Further, according to the present invention, although it is possible to obtain the above-mentioned preferable damping force characteristics in the low piston speed range,
It is possible to obtain desirable damping force characteristics required even in the high piston speed range and large stroke range, and it is possible to obtain a high-performance shock absorber with optimal damping force characteristics for each region in the entire piston speed range. .

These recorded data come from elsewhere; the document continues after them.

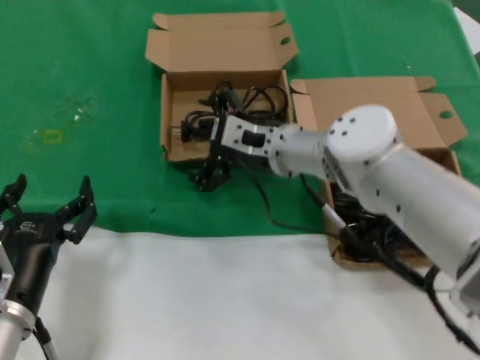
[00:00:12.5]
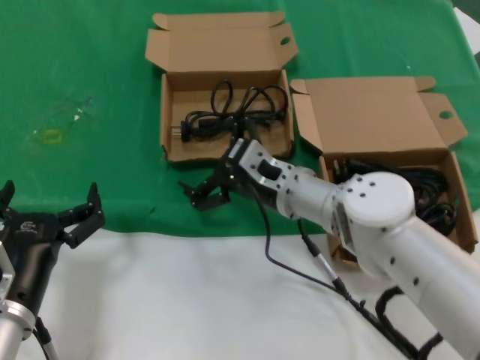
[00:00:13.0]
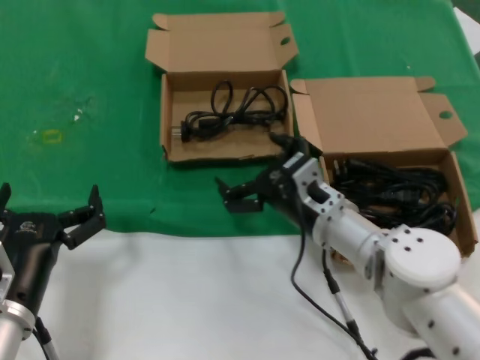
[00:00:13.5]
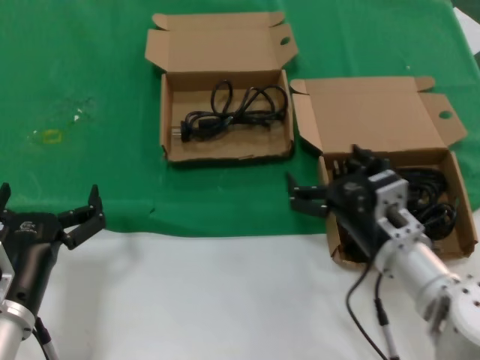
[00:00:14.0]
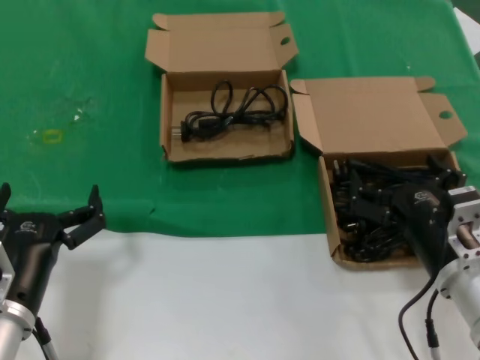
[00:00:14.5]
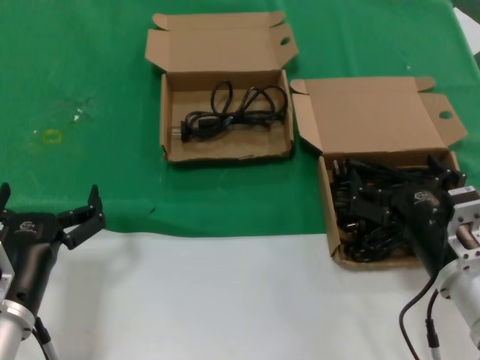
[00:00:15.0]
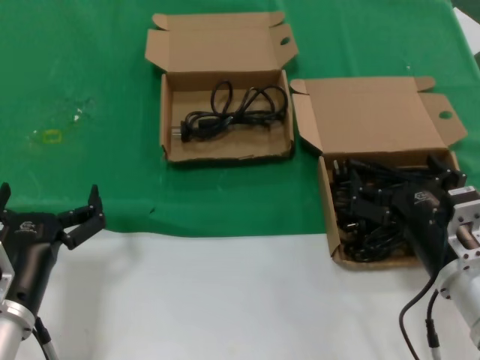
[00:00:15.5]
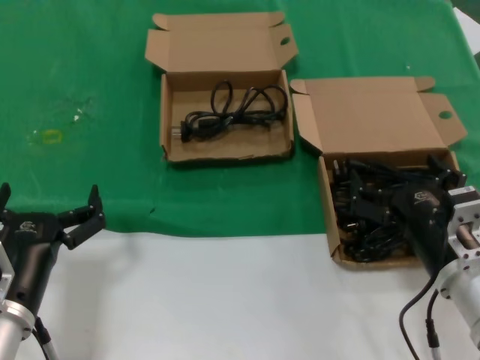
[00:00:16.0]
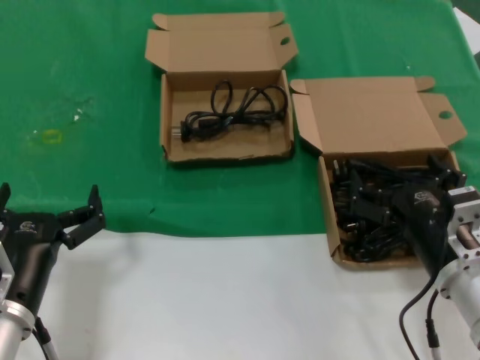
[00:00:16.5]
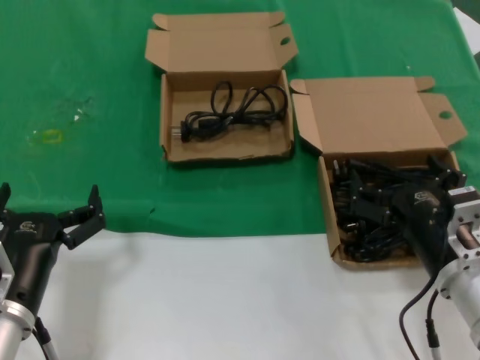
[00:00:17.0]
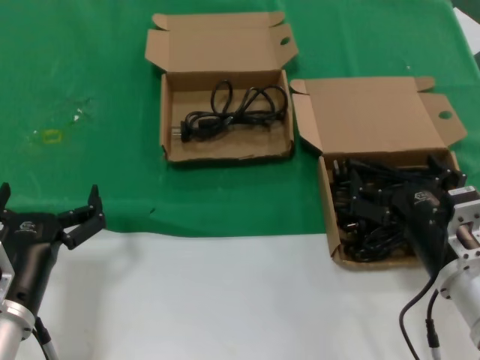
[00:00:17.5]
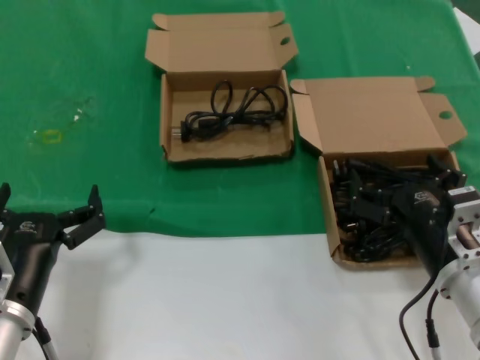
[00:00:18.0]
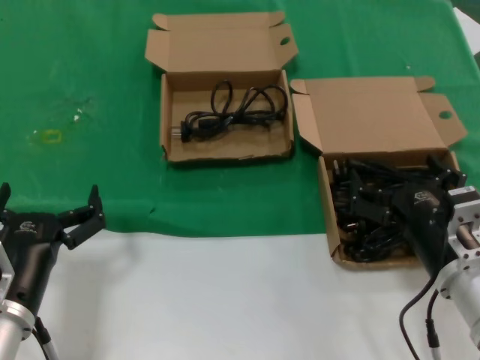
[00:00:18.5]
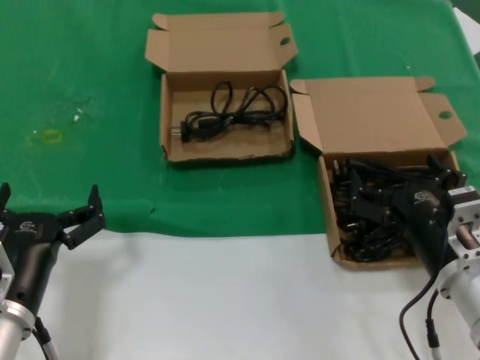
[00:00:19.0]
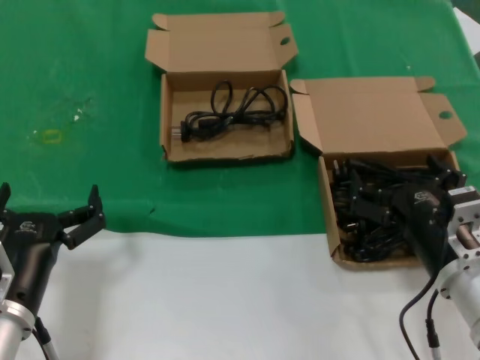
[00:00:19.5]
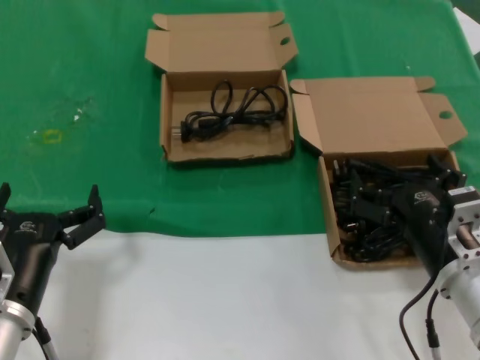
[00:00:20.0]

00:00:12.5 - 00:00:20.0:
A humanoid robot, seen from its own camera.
Task of the whole recording: take the parts from the box containing them and put them into an empty box.
00:00:12.5 - 00:00:14.5: The right hand is displaced backward, to the right and downward by roughly 30 cm.
00:00:14.5 - 00:00:20.0: Both hands stay about where they are.

Furthermore, according to the present invention, the check valve for opening and closing the first oil passage provided in the piston is simply provided with a fixed orifice communicating with the oil passage and a main orifice communicating with the second oil passage. It is possible to achieve this and implement it without making any major changes to conventional shock absorbers, and as mentioned above, it is possible to provide a shock absorber with extremely good performance with a simple structure and at low cost. For forming, it is sufficient to simply drill holes in a plate-shaped check valve, which is easy and convenient for maintaining high dimensional accuracy.In addition, the oil passage on the piston side can be freely formed without worrying about diameter accuracy. This makes it easier to manufacture the piston, and the main orifice can be machined at the same time as the fixed orifice, making it easier to manufacture and improving accuracy, ensuring reliable operation and reliability of the slide valve. It also facilitates and ensures the setting of low and high midpoints of low piston speed.

[Brief explanation of drawings]

The drawings show one embodiment of the present invention, and FIG. 1 is a side sectional view of the entire shock absorber, FIG. 2 is an exploded perspective view of the piston block, and FIG. 3 is a sectional view taken along the line 3-3 in FIG. FIG. 4 is a graph showing the damping force characteristics of the shock absorber according to the present invention in the tensile stroke. In the drawings, 1 is a shock absorber, 2 is an inner cylinder, 3 is an outer cylinder, 9 is a rod, 10 is a piston block, 12 is a piston, 15 is a first oil passage, 16 is a second oil passage, and 19 is a slide. valve,
21 is a check valve, 24 is a fixed orifice, and 25 is a main orifice.

Claims (1)

[Claims] 1 Inner and outer cylinders, a piston provided at the tip of the rod and slidably fitted into the inner cylinder, and a first piston provided in the piston.
an oil passage and a second oil passage; a plate-shaped check valve disposed on the upper surface of the piston to close both the first oil passage and the second oil passage; A slide valve arranged on the lower surface of the piston, a fixed orifice formed as a through hole in the check valve, arranged in the axial direction of the first oil passage, and a main orifice arranged in the axial direction of the second oil passage. A vehicle shock absorber consisting of.